=== DATA TO PROCESS ===

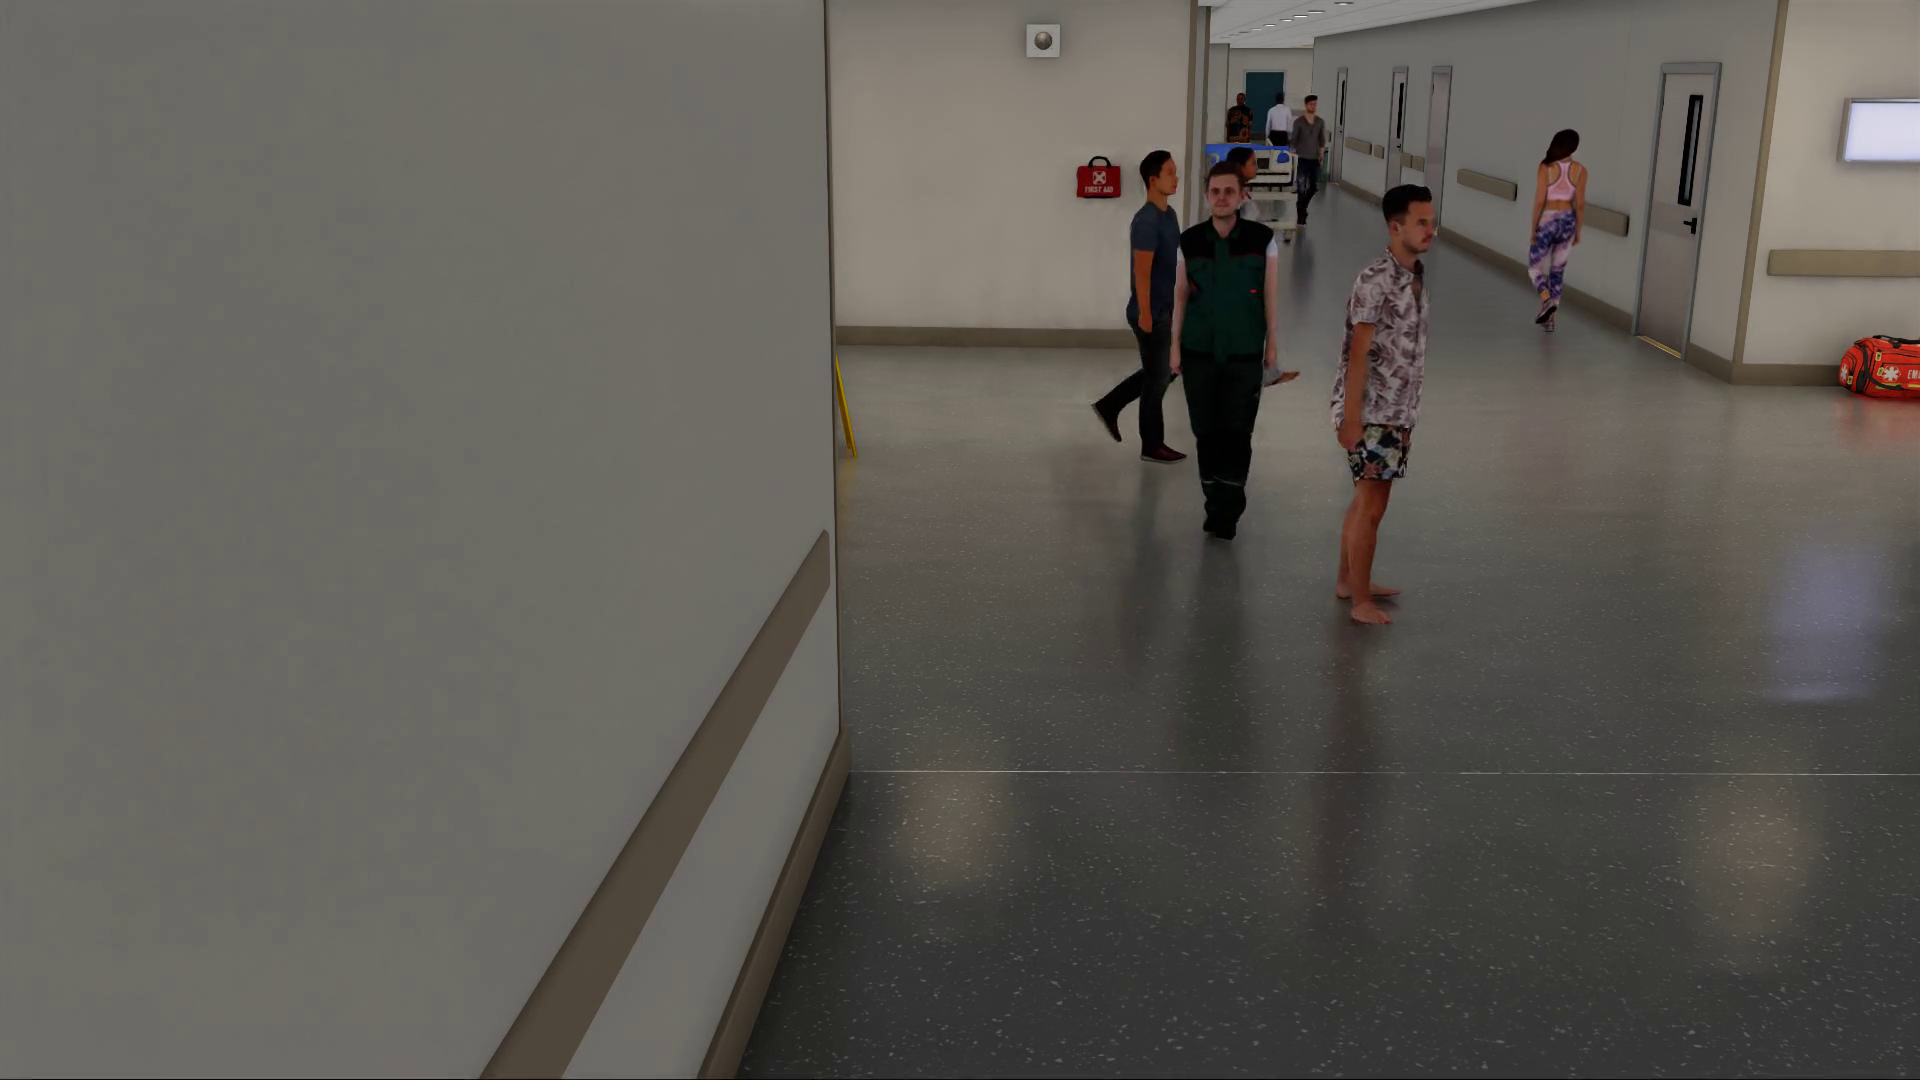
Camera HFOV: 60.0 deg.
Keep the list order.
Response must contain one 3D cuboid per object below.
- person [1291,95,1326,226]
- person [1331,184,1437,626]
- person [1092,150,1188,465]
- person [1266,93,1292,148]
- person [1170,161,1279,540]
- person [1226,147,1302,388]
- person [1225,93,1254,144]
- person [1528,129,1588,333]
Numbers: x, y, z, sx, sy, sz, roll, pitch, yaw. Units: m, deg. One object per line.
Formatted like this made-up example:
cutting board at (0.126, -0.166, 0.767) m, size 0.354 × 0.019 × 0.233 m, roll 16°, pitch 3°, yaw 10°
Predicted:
person at (5.184, -5.710, 25.027) m, size 0.890 × 1.889 × 0.860 m, roll -2°, pitch 16°, yaw -7°
person at (1.727, -0.573, 6.962) m, size 0.892 × 1.804 × 0.878 m, roll 9°, pitch 18°, yaw 29°
person at (1.058, -1.354, 9.740) m, size 0.946 × 1.799 × 0.804 m, roll 6°, pitch 17°, yaw 22°
person at (6.340, -7.973, 33.194) m, size 0.994 × 1.813 × 0.866 m, roll 5°, pitch 16°, yaw 16°
person at (1.304, -0.925, 8.165) m, size 0.710 × 1.825 × 0.784 m, roll 4°, pitch 16°, yaw 16°
person at (1.893, -1.946, 12.019) m, size 1.071 × 1.702 × 0.756 m, roll 3°, pitch 16°, yaw 12°
person at (5.583, -8.030, 33.332) m, size 0.621 × 1.808 × 0.779 m, roll 3°, pitch 16°, yaw 11°
person at (5.206, -2.673, 14.501) m, size 0.710 × 1.754 × 0.637 m, roll 1°, pitch 16°, yaw 5°

===

* **TASK DIRECTIONS**
A bare number is the whole answer: how many lines in the listing hold the string "object".

* **EXERCISE ANSWER**
2